Resource Planning for Professional Services

The professional services sector is broad and encompasses a variety of industries, from IT and marketing to law and accounting. Despite the varied nature of these professions, each benefits from project managers and team leaders taking a strategic approach to resource and capacity planning.

In project management, a resource is anything that is needed to complete a task or project. This can include people, materials, time, and even finances. Because most companies and organizations don’t have unlimited finances or personnel, it is vital that project managers are tactical in deploying these resources. That’s where resource planning comes in.

What is resource planning?

Resource planning is the process of identifying what resources are needed to complete a project and allocating these resources accordingly. 

Project managers must decide which team members have the skills and capacity to complete the required project tasks and assign them to each one. They are also responsible for deciding what tools and materials are necessary and obtaining them on behalf of the team. Overall, managers must ensure their teams have everything they need to produce project deliverables on time and within budget. 

Resource planning and allocation require a lot of preparation and company knowledge. In some organizations, a dedicated resource manager may be hired to ensure the limited materials, labor, and finances are being properly utilized.

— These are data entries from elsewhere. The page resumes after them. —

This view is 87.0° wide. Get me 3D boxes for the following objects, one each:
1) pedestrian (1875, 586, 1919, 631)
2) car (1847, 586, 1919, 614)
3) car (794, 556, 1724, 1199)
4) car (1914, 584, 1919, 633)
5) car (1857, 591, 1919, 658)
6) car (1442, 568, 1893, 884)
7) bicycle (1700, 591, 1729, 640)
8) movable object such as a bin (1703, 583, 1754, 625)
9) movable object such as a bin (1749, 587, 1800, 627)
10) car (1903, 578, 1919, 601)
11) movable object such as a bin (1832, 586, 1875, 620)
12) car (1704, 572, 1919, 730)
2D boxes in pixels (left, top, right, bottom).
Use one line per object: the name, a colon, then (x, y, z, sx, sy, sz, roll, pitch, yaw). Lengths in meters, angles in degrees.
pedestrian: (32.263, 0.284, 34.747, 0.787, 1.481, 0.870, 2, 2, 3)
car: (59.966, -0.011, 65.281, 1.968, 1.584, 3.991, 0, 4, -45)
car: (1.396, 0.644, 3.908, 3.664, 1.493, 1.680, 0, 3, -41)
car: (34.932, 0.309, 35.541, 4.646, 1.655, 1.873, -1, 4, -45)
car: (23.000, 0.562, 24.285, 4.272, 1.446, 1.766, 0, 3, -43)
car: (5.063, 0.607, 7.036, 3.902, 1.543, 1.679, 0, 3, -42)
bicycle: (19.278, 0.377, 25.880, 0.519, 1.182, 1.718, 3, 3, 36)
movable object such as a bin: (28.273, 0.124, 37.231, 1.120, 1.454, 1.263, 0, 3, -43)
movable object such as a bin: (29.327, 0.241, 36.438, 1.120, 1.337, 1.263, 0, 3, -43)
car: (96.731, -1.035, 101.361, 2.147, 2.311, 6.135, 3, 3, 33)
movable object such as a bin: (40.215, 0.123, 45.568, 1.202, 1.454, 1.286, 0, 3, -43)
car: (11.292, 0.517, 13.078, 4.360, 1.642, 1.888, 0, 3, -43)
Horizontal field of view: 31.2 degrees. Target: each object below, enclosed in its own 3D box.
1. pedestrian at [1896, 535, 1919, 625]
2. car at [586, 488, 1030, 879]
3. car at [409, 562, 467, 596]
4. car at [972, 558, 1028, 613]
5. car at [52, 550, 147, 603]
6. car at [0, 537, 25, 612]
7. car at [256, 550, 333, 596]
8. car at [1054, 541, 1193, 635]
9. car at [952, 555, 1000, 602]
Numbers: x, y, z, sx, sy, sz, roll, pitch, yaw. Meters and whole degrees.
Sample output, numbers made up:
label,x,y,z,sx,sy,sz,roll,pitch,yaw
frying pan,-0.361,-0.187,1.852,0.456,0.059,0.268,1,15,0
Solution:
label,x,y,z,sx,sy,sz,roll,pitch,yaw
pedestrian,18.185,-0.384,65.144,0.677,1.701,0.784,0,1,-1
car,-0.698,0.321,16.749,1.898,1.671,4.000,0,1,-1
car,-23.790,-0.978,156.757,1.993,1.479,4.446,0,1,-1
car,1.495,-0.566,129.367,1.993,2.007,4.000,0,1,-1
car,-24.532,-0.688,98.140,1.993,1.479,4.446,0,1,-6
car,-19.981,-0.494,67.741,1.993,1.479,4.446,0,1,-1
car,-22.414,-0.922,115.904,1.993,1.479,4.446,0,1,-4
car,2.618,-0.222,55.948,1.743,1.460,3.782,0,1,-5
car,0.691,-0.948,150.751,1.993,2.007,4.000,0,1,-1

Why is resource planning important?

Even before a project moves into the execution phase, it is important for project or resource managers to look ahead at what will be needed throughout the project’s life cycle. Based on the length and nature of a particular initiative, a project manager should have a good idea of who and what is required to accomplish critical tasks that will ultimately result in project completion. 

Resource planning is more effective when project managers have visibility into workloads and can forecast demand, review historical project data, and utilize team members based on skills, location, performance, and availability. Much of this can be accomplished with project management solutions such as Wrike.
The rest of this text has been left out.